I'll try in a few days. It's great to be able to test it already a few hours after the release. It's the bleeding edge as I had to pull the last from main. And with all the supply chain issues happening everywhere, bleeding edge is always more risky from a security point of view.

There is always also the possibility to fine-tune the model later to make sure it can complete the custom task correctly. But the code for doing some Lora for gemma4 is probably not yet available. The 50% extra speed seems really tempting.

amarshall · 2026-04-02T20:25:39 1775161539

If you are running on 4090 and get 5 t/s, then you exceeded your VRAM and are offloading to the CPU (or there is some other serious perf. issue)

mrinterweb · 2026-04-03T00:28:46 1775176126

Thank you. I have the same card, and I noticed the same ~100 TPS when I ran Q3.5-35B-A3B. G4 26B A4B running at 150TPS is a 50% performance gain. That's pretty huge.
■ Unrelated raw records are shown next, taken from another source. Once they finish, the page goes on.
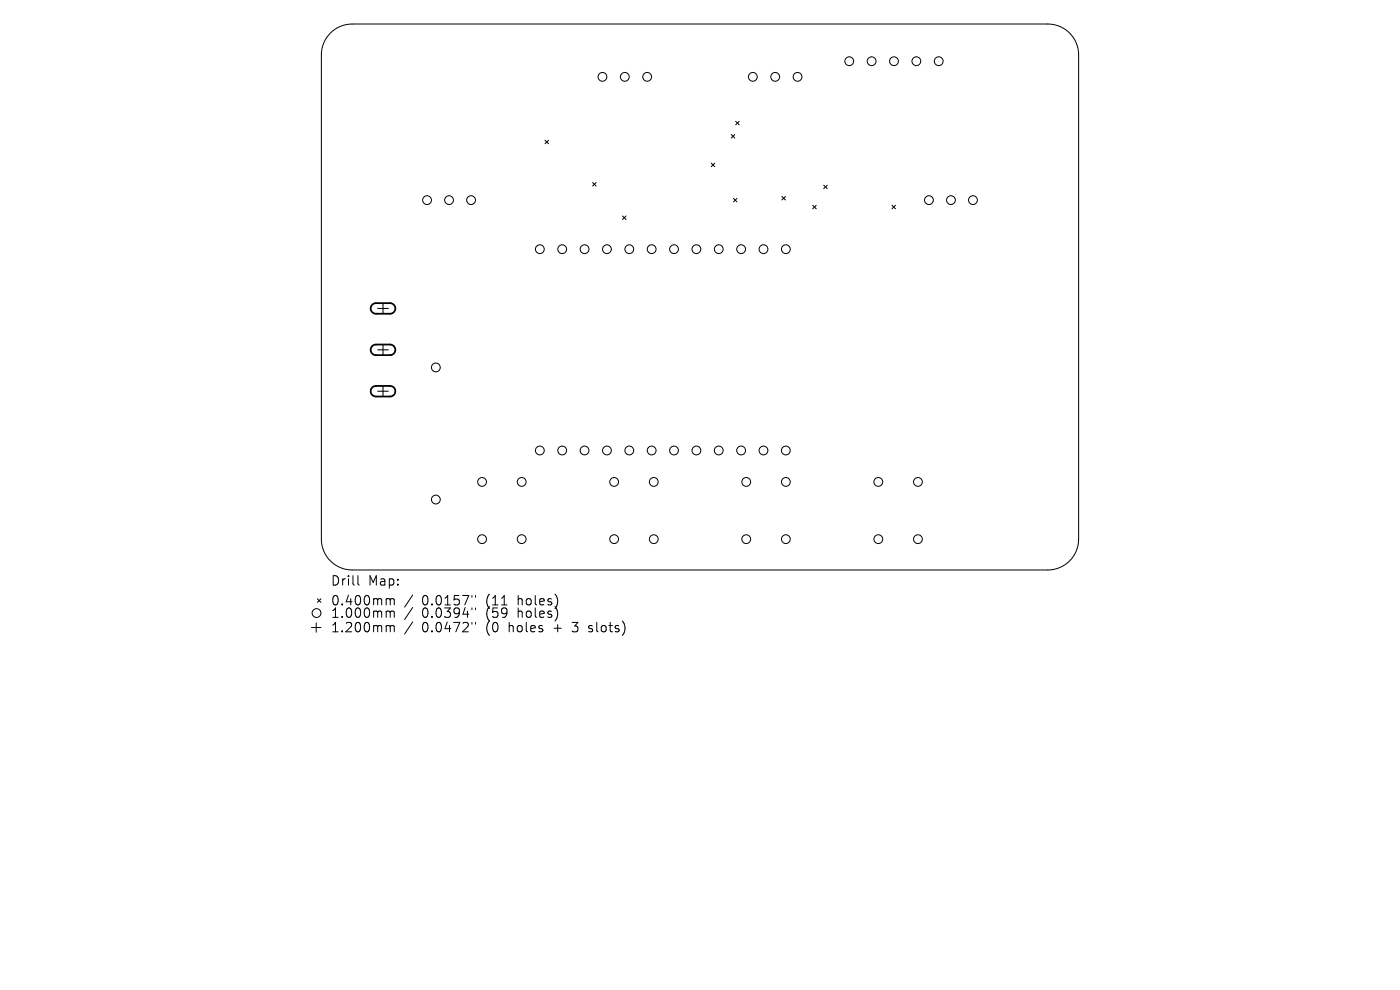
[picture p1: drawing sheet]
<svg xmlns="http://www.w3.org/2000/svg" width="297mm" height="210mm" viewBox="0 0 297 210" stroke-linecap="round" stroke-linejoin="round" font-family="sans-serif">
<defs><g id="words">
<g font-size="2.8">
<text x="70.1" y="124.5">Drill</text>
<text x="78.1" y="124.5">Map:</text>
<text x="70.1" y="128.7">0.400mm</text>
<text x="70.1" y="131.3">1.000mm</text>
<text x="89.5" y="128.7">0.0157&quot;</text>
<text x="89.5" y="131.3">0.0394&quot;</text>
<text x="103.3" y="128.7">(11</text>
<text x="103.3" y="131.3">(59</text>
<text x="110.1" y="128.7">holes)</text>
<text x="110.1" y="131.3">holes)</text>
<text x="70.1" y="134.4">1.200mm</text>
<text x="89.5" y="134.4">0.0472&quot;</text>
<text x="103.3" y="134.4">(0</text>
<text x="108.2" y="134.4">holes</text>
<text x="117.9" y="134.4">+</text>
<text x="122.1" y="134.4">3</text>
<text x="125.8" y="134.4">slots)</text>
</g>
</g></defs>
<g fill="none" stroke="#000" stroke-width=".21">
<path d="M70 7.1a6.5 6.5 0 0 1 4.7-2h147.6a6.5 6.5 0 0 1 6.5 6.5v102.8a6.5 6.5 0 0 1-6.5 6.5h-147.6a6.5 6.5 0 0 1-6.5-6.5v-102.8l.3-2.1 .6-1.2zM115.6 29.8l.8 .7M116.4 29.8l-.8 .7M125.7 38.7l.8 .8M126.5 38.7l-.8 .8M150.9 34.6l.7 .8M151.6 34.6l-.7 .8M155.1 28.5l.8 .8M155.9 28.5l-.8 .8M156.1 25.7l.7 .8M156.8 25.7l-.7 .8M174.7 39.3l.8 .7"/>
<path d="M175.5 39.3l-.8 .7M132.1 45.8l.7 .8M132.8 45.8l-.7 .8M155.6 42.1l.7 .7M156.3 42.1l-.7 .7M165.9 41.7l.7 .7M166.6 41.7l-.7 .7M172.4 43.5l.8 .8M173.2 43.5l-.8 .8M189.2 43.5l.8 .8M190 43.5l-.8 .8M66.1 133.1h2"/>
<path d="M67.1 132.1v2M67.3 127l.8 .8M68.1 127l-.8 .8M75.9 122.1v1.7l.3 .3M82.2 127l.5 .1 .1 .2M82.2 129.6h.3l.3 .3M82.2 132.7l.5 .1 .1 .2M82.8 127.3l.3-.3 .4 .1 .1 1.2M82.8 127.3v1M82.8 129.9v1.1M82.8 133v1M82.8 129.9l.3-.3 .4 .1 .1 1.3"/>
<path d="M82.8 133l.3-.3 .4 .1 .1 1.2M87.5 126.2l-1.7 2.6M87.5 128.9l-1.7 2.5M87.5 131.9l-1.7 2.6M100.1 126.3v.4M100.1 129v.3M100.1 132v.4M100.9 126.3v.4M100.9 129v.3M100.9 132v.4M124.9 133.9l.2 .1M125 132.8v.5"/>
<circle cx="127.8" cy="16.3" r=".93"/>
<circle cx="132.5" cy="16.3" r=".93"/>
<circle cx="137.3" cy="16.3" r=".93"/>
<circle cx="159.7" cy="16.3" r=".93"/>
<circle cx="164.5" cy="16.3" r=".93"/>
<circle cx="169.2" cy="16.3" r=".93"/>
<circle cx="180.2" cy="13" r=".93"/>
<circle cx="184.9" cy="13" r=".93"/>
<circle cx="189.7" cy="13" r=".93"/>
<circle cx="194.4" cy="13" r=".93"/>
<circle cx="199.1" cy="13" r=".93"/>
<circle cx="90.6" cy="42.5" r=".93"/>
<circle cx="95.3" cy="42.5" r=".93"/>
<circle cx="99.9" cy="42.5" r=".93"/>
<circle cx="114.5" cy="52.9" r=".93"/>
<circle cx="119.3" cy="52.9" r=".93"/>
<circle cx="124" cy="52.9" r=".93"/>
<circle cx="128.8" cy="52.9" r=".93"/>
<circle cx="133.5" cy="52.9" r=".93"/>
<circle cx="138.2" cy="52.9" r=".93"/>
<circle cx="143" cy="52.9" r=".93"/>
<circle cx="147.7" cy="52.9" r=".93"/>
<circle cx="152.5" cy="52.9" r=".93"/>
<circle cx="157.2" cy="52.9" r=".93"/>
<circle cx="162" cy="52.9" r=".93"/>
<circle cx="166.7" cy="52.9" r=".93"/>
<circle cx="197.1" cy="42.5" r=".93"/>
<circle cx="201.7" cy="42.5" r=".93"/>
<circle cx="206.4" cy="42.5" r=".93"/>
<circle cx="92.5" cy="77.9" r=".93"/>
<circle cx="114.5" cy="95.6" r=".93"/>
<circle cx="119.3" cy="95.6" r=".93"/>
<circle cx="124" cy="95.6" r=".93"/>
<circle cx="128.8" cy="95.6" r=".93"/>
<circle cx="133.5" cy="95.6" r=".93"/>
<circle cx="138.2" cy="95.6" r=".93"/>
<circle cx="143" cy="95.6" r=".93"/>
<circle cx="147.7" cy="95.6" r=".93"/>
<circle cx="152.5" cy="95.6" r=".93"/>
<circle cx="157.2" cy="95.6" r=".93"/>
<circle cx="162" cy="95.6" r=".93"/>
<circle cx="166.7" cy="95.6" r=".93"/>
<circle cx="92.5" cy="106" r=".93"/>
<circle cx="102.3" cy="102.2" r=".93"/>
<circle cx="102.3" cy="114.4" r=".93"/>
<circle cx="110.7" cy="102.2" r=".93"/>
<circle cx="110.7" cy="114.4" r=".93"/>
<circle cx="130.3" cy="102.2" r=".93"/>
<circle cx="130.3" cy="114.4" r=".93"/>
<circle cx="138.7" cy="102.2" r=".93"/>
<circle cx="138.7" cy="114.4" r=".93"/>
<circle cx="158.3" cy="102.2" r=".93"/>
<circle cx="158.3" cy="114.4" r=".93"/>
<circle cx="166.7" cy="102.2" r=".93"/>
<circle cx="166.7" cy="114.4" r=".93"/>
<circle cx="186.3" cy="102.2" r=".93"/>
<circle cx="186.3" cy="114.4" r=".93"/>
<circle cx="194.7" cy="102.2" r=".93"/>
<circle cx="194.7" cy="114.4" r=".93"/>
<circle cx="67.1" cy="130" r=".93"/>
</g>
<path d="M80.1 65.4h2.3M80.1 74.2h2.3M81.3 64.3v2.3M81.3 73.1v2.2M80.1 83h2.3M81.3 81.9v2.2" fill="none" stroke="#000" stroke-width=".22"/>
<path d="M79 64.6l.7-.3h3a1.12 1.12 0 0 1 1.2 1.1 1.12 1.12 0 0 1-1.2 1.2h-2.9a1.12 1.12 0 0 1-1.1-.7 1.12 1.12 0 0 1 .3-1.3zM79 73.4l.7-.3h3a1.12 1.12 0 0 1 1.2 1.1 1.12 1.12 0 0 1-1.2 1.1h-2.9a1.12 1.12 0 0 1-1.1-.7 1.12 1.12 0 0 1 .3-1.2zM79 82.2l.7-.3h3a1.12 1.12 0 0 1 1.2 1.1 1.12 1.12 0 0 1-1.2 1.1h-2.9a1.12 1.12 0 0 1-1.1-.7 1.12 1.12 0 0 1 .3-1.2z" fill="none" stroke="#000" stroke-width=".37"/>
<use href="#words"/>
</svg>

refulgentis · 2026-04-02T19:15:19 1775157319

Reversing the X and Y axis, adding in a few other random models, and dropping all the small Qwens makes this worse than useless as a Qwen 3.5 comparison, it’s actively misleading. If you’re using AI, please don’t rush to copy paste output :/

EDIT: Lordy, the small models are a shadow of Qwen's smalls. See https://huggingface.co/Qwen/Qwen3.5-4B versus https://www.reddit.com/r/LocalLLaMA/comments/1salgre/gemma_4...

scrlk · 2026-04-02T19:44:10 1775159050

I transposed the table so that it's readable on mobile devices.

I should have mentioned that the Qwen 3.5 benchmarks were from the Qwen3.5-122B-A10B model card (which includes GPT-5-mini and GPT-OSS-120B); apologies for not including the smaller Qwen 3.5 models.

refulgentis · 2026-04-02T19:50:36 1775159436

It’s not readable on a phone either. Text wraps. unless you’re testing on foldable?

BloondAndDoom · 2026-04-02T22:38:56 1775169536

Small qwen models are magical

refulgentis · 2026-04-02T23:46:56 1775173616

It's so so good.

I have an app I've been working on for 2.5 years and felt kinda stupid making sure llama.cpp worked everywhere, including Android and iOS.

The 0.8B beats every <= 7B model I've used on tool use and can do RAG. Like you could ship it to someone who didn't know AI and it can do all the basics and leave UX intact.